Para Mercosul, Brasil agiu certo

Os países membros do Mercosul apoiaram a decisão do governo brasileiro
e da Índia de se retirar das negociações da Rodada de Doha. Em nota
oficial, o governo da Argentina destacou seu "reconhecimento" e
expressou "solidariedade" à firmeza do chanceler Celso Amorim e do
ministro indiano de Comércio, Kamal Nath, por defenderem os interesses
dos países em desenvolvimento.

O secretário de Relações Econômicas Internacionais da Argentina,
Alfredo Chiaradía, rechaçou as declarações de que Brasil e Índia foram
responsáveis pela interrupção das negociações. "Foram injustas as
acusações dos Estados Unidos e da União Européia de que Brasil e Índia
não contribuíram para as discussões.
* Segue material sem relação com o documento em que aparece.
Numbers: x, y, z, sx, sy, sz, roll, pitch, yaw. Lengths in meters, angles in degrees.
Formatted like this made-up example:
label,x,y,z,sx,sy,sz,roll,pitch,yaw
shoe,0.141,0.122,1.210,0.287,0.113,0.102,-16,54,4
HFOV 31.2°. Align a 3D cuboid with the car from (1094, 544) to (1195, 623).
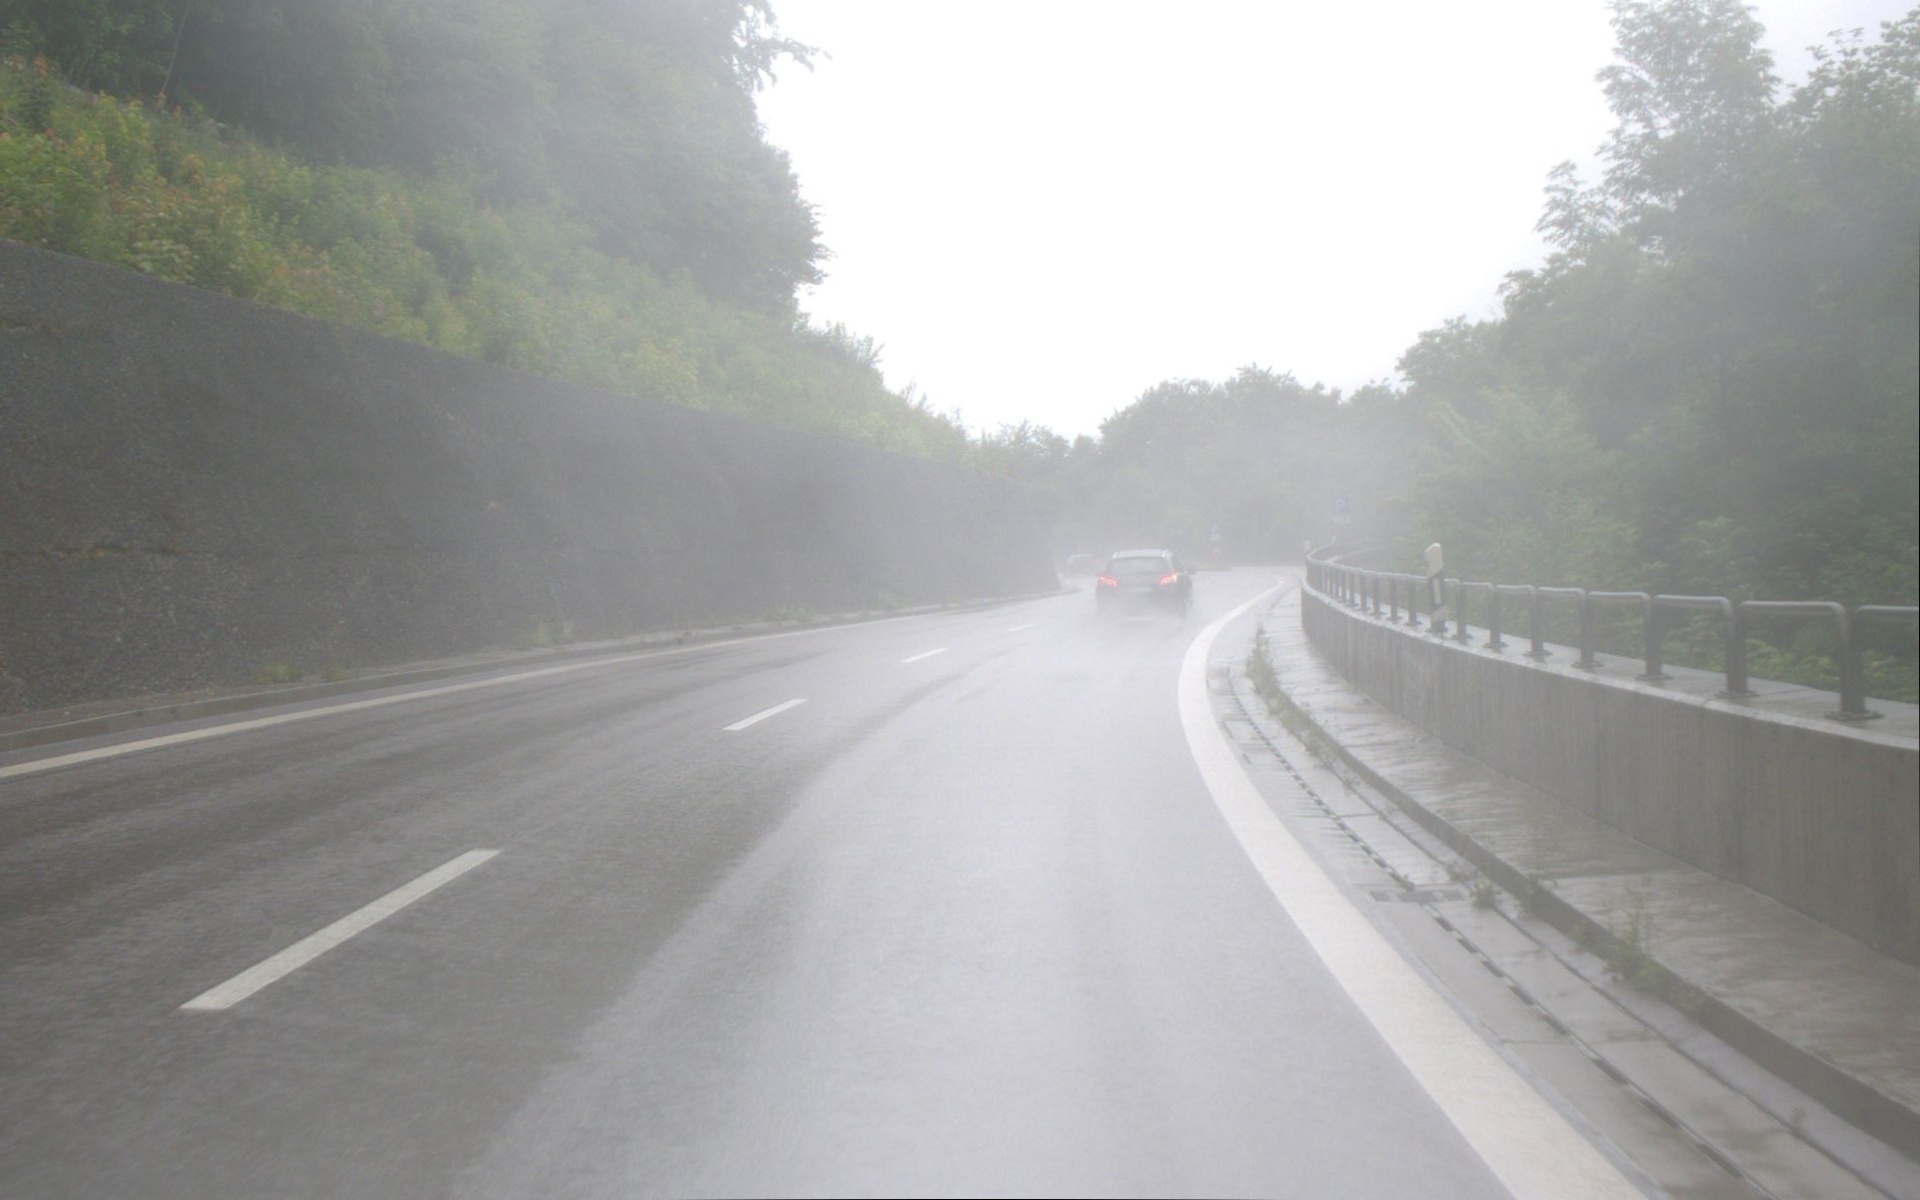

Na verdade, os dois países
defenderam o interesse dos países em desenvolvimento", disse
Chiaradía.

"Estados Unidos e União Européia são responsáveis pelo fracasso da
reunião de Potsdam", declarou o ministro argentino de Relações
Exteriores, Jorge Taiana, responsabilizando-os por "intransigência"
nas negociações.

Para o ministro das Relações Exteriores do Paraguai, Rubén Ramirez
Lezcano, "o Brasil agiu muito bem. Essa discussão estava
desequilibrada, com desvantagem para os países em desenvolvimento".

O presidente Tabaré Vázquez, do Uruguai, também respaldou a decisão do
Brasil e da Índia: "Foi melhor assim".

.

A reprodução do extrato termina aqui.